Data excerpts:

+++

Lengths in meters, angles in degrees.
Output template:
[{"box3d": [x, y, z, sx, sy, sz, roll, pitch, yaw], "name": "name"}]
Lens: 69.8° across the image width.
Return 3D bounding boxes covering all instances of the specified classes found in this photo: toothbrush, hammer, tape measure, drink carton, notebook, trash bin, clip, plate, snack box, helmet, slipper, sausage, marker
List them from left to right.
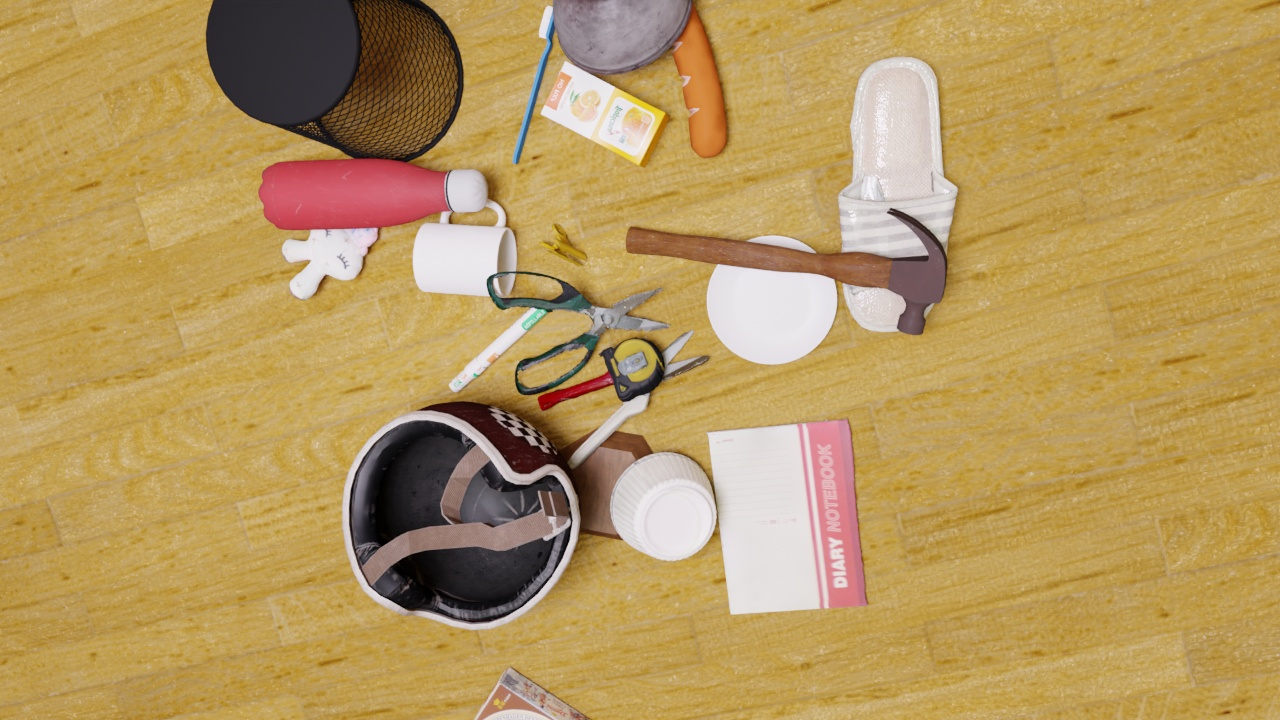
[{"box3d": [-0.298, -0.293, 0.899, 0.184, 0.210, 0.184, 1, 98, 9], "name": "trash bin"}, {"box3d": [-0.171, 0.151, 0.922, 0.233, 0.253, 0.234, -46, 65, 8], "name": "helmet"}, {"box3d": [-0.157, -0.015, 1.017, 0.146, 0.017, 0.017, -41, 91, 12], "name": "marker"}, {"box3d": [-0.134, 0.459, 1.072, 0.147, 0.041, 0.143, 33, 102, 3], "name": "snack box"}, {"box3d": [-0.114, -0.291, 0.970, 0.014, 0.016, 0.167, 19, 101, 6], "name": "toothbrush"}, {"box3d": [-0.089, -0.119, 0.982, 0.037, 0.053, 0.046, -50, 58, 15], "name": "clip"}, {"box3d": [-0.039, -0.255, 0.950, 0.122, 0.040, 0.058, 28, 102, 4], "name": "drink carton"}, {"box3d": [-0.037, 0.141, 1.017, 0.131, 0.025, 0.131, 1, 99, 9], "name": "plate"}, {"box3d": [-0.006, 0.006, 0.972, 0.061, 0.034, 0.061, -27, 68, 4], "name": "tape measure"}, {"box3d": [0.056, -0.288, 0.931, 0.044, 0.039, 0.164, -13, 96, 16], "name": "sausage"}, {"box3d": [0.138, -0.063, 0.966, 0.134, 0.011, 0.134, 1, 99, 9], "name": "plate"}, {"box3d": [0.139, -0.104, 0.920, 0.323, 0.033, 0.115, 10, 111, 19], "name": "hammer"}, {"box3d": [0.160, 0.172, 0.998, 0.153, 0.012, 0.209, -7, 98, 10], "name": "notebook"}, {"box3d": [0.253, -0.163, 0.914, 0.114, 0.054, 0.273, 1, 98, 4], "name": "slipper"}]

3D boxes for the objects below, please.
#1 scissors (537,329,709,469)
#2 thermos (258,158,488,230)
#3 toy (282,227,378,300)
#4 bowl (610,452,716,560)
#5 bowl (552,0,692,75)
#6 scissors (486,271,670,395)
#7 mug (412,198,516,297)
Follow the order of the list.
[{"box3d": [-0.026, 0.038, 0.996, 0.187, 0.015, 0.179, 14, 81, 19], "name": "scissors"}, {"box3d": [-0.276, -0.176, 0.964, 0.240, 0.073, 0.073, 0, 98, 11], "name": "thermos"}, {"box3d": [-0.346, -0.123, 1.021, 0.123, 0.038, 0.079, -29, 81, 7], "name": "toy"}, {"box3d": [0.030, 0.161, 0.971, 0.115, 0.062, 0.115, -3, 102, -13], "name": "bowl"}, {"box3d": [-0.028, -0.359, 0.891, 0.145, 0.067, 0.144, -6, 73, 19], "name": "bowl"}, {"box3d": [-0.071, -0.022, 0.987, 0.206, 0.015, 0.180, 8, 122, -12], "name": "scissors"}, {"box3d": [-0.184, -0.125, 0.984, 0.090, 0.074, 0.110, 5, 73, 8], "name": "mug"}]

+++

**Try it:**
Return a copy of each line in the entries that contains "boxes".

**Written reply:**
Return 3D bounding boxes covering all instances of the specified classes found in this photo: toothbrush, hammer, tape measure, drink carton, notebook, trash bin, clip, plate, snack box, helmet, slipper, sausage, marker
3D boxes for the objects below, please.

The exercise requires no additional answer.